每年的今天,随意都会在黄昏时分坐在玄卿殿的屋檐上凝望日笙矛,饮三壶冷酒,盼一次天明,等一句鹤荀先生的解释。
等着他解释为什么在江湖暗潮涌动时选择无视,为什么在逍遥阁最危难的关头闭门不出,为什么要在大婚之日出卖轩辕澈,来坐稳玄游仙人这一虚名。
可事到如今,这句解释又有什么用?
逍遥阁大乱,轩辕澈自始自终都没有怨过鹤荀,哪怕是最后一枪,冲破屋顶也只为保他师父平安,保全逍遥阁的第九长老,保全鹤荀玄游仙人的清名,保全他不至于亡于月箫剑下!
随意绕过鹤荀,看向了梧桐树下了的日笙,日笙矛依旧如当年那般屹立在那里,只是持矛之人再也没了踪迹。
月箫剑猛地出鞘,箫声肆起,剑气盈盈,斑驳的泪珠随着她的怒吼散落在地上:“可他到底是你的徒弟!”
油灯熄灭,暗月之中只得见一缕白烟。
“罢了。”
随意轻叹,红衣甩过,不再看身后的鹤荀,也不再看那金光一瞬的日笙。
炎天乐跟在随意之后,看着两人正不知该说些什么。忽见鹤荀又燃起了那盏油灯。
油灯在暗夜中划出一道绝美的弧线,随着炎天乐的惊叹,烈火瞬间吞噬了梧桐,也吞噬了那柄日笙。
鹤荀的身形变得恍惚:“随意丫头,当年的事,我本意绝非如此!我只是想让他等一等,再等一等!”
鹤荀说着,眼泪潸然而下,滴落在烈火中,发出两三声响。
“等什么?”随意声音清冷,正如往常:“等着天下大乱?等着逍遥阁消亡?还是等着逍遥城数万人全都死在战火之中?”
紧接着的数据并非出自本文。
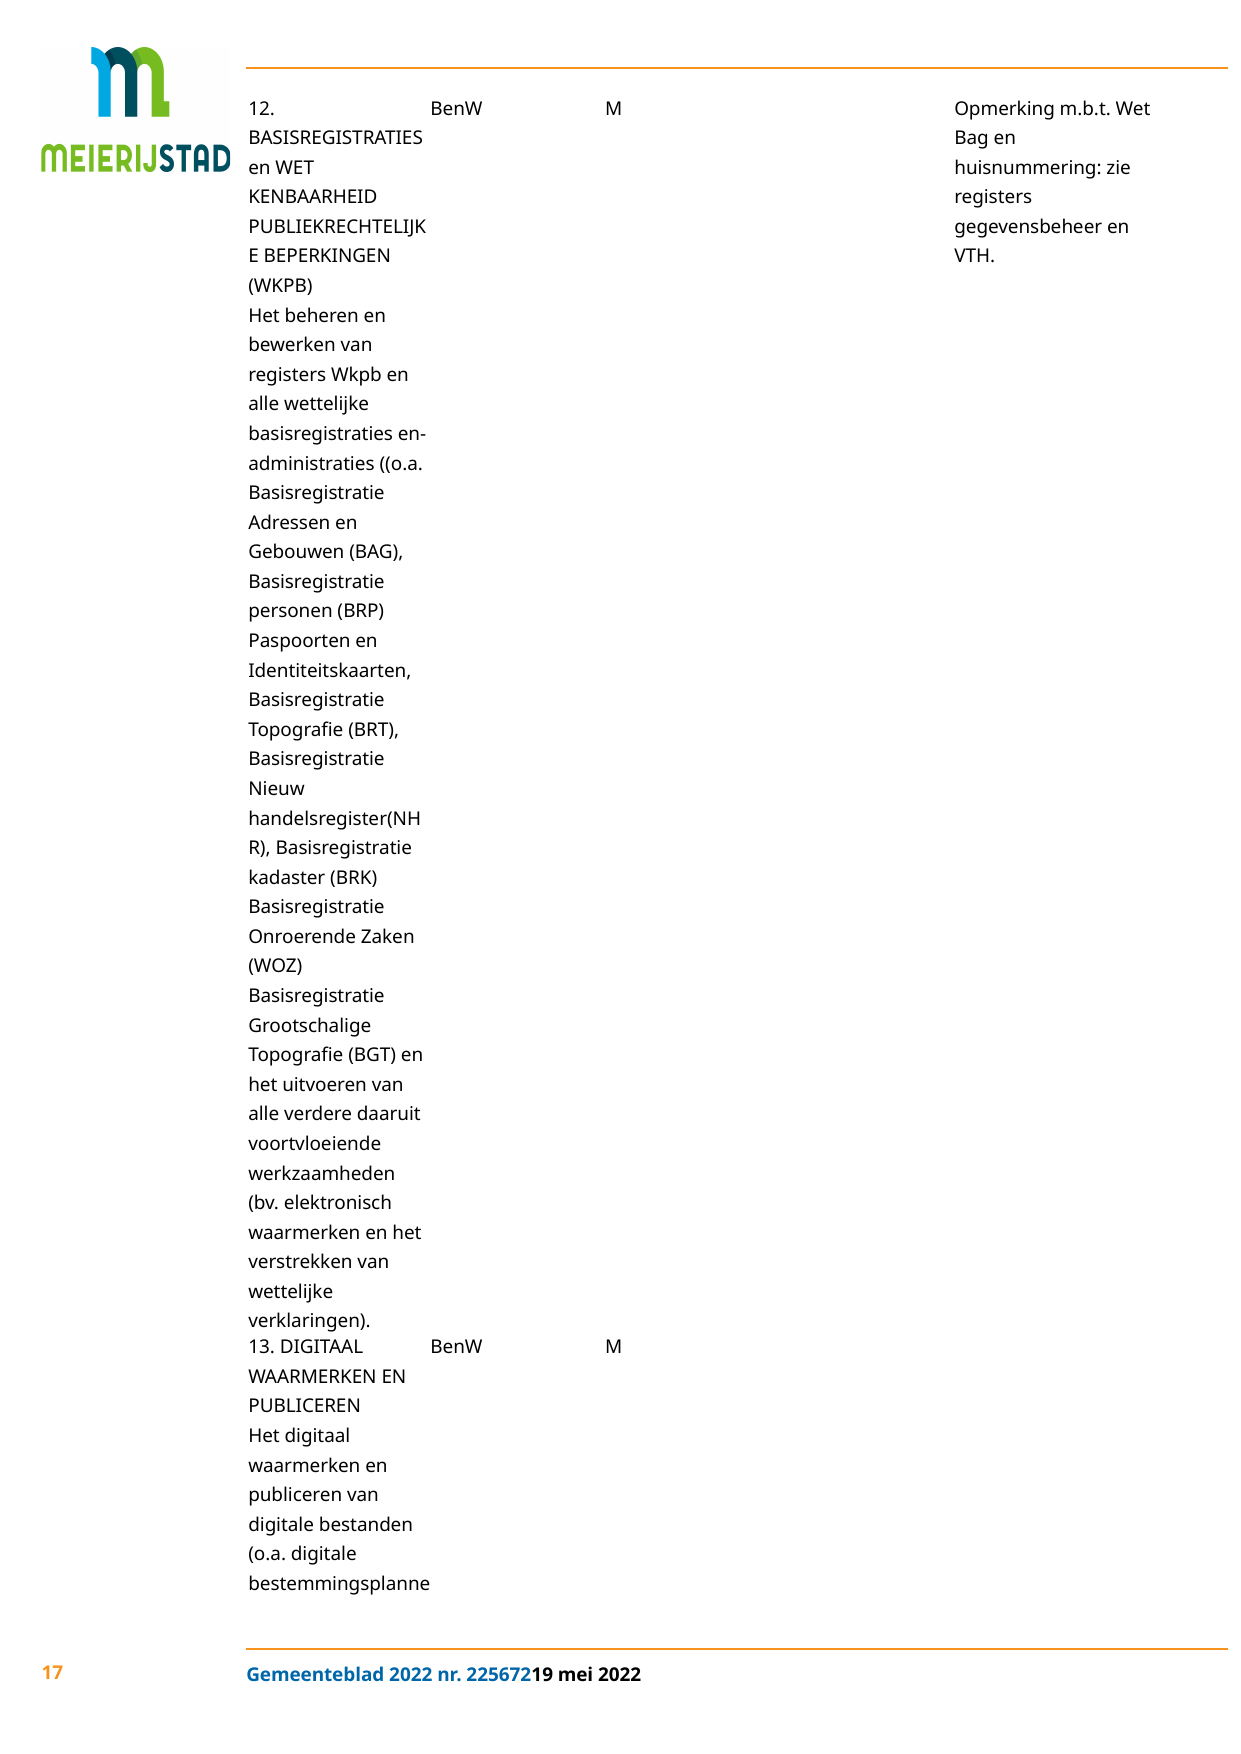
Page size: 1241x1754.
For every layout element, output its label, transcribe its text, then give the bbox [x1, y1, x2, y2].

table_cell 12. BASISREGISTRATIES en WET KENBAARHEID PUBLIEKRECHTELIJKE BEPERKINGEN (WKPB) Het beheren en bewerken van registers Wkpb en alle wettelijke basisregistraties en- administraties ((o.a. Basisregistratie Adressen en Gebouwen (BAG), Basisregistratie personen (BRP) Paspoorten en Identiteitskaarten, Basisregistratie Topografie (BRT), Basisregistratie Nieuw handelsregister(NHR), Basisregistratie kadaster (BRK) Basisregistratie Onroerende Zaken (WOZ) Basisregistratie Grootschalige Topografie (BGT) en het uitvoeren van alle verdere daaruit voortvloeiende werkzaamheden (bv. elektronisch waarmerken en het verstrekken van wettelijke verklaringen). [248, 95, 430, 1333]
table_cell 13. DIGITAAL WAARMERKEN EN PUBLICEREN Het digitaal waarmerken en publiceren van digitale bestanden (o.a. digitale bestemmingsplanne [248, 1334, 430, 1596]
table_cell BenW [430, 95, 605, 1333]
table_cell [954, 1334, 1152, 1596]
table_cell BenW [430, 1334, 605, 1596]
table_cell Opmerking m.b.t. Wet Bag en huisnummering: zie registers gegevensbeheer en VTH. [954, 95, 1152, 1333]
table_cell M [605, 1334, 779, 1596]
table_cell [780, 95, 954, 1333]
table_cell M [605, 95, 779, 1333]
table_cell [780, 1334, 954, 1596]
picture [41, 47, 231, 172]

可能正如云阳前辈所说,长时间的固步自封使得鹤荀高估了他们的良知,也低估了他们的野心。
“师娘!”
慕司恒一个箭步扑了上来,立在炎天乐身旁,梧桐树下的大火早已被他熄灭,原本他来到这里只为将尉迟铭枫在围剿药人的表现交于鹤荀,却无意间听到了两人的对话。
“师娘,师祖那时其实已经去阻止了——”
还未等慕司恒说完,鹤荀便一挥手臂,直接将他拦在了身后,看着随意的背影他声音颤抖。
“丫头,正因为那时我错了,我才不想再一错再错,才会选择收枫儿为徒。虽然我知道这于事无补,我也不奢求你会原谅我,但你们也是他们师父!”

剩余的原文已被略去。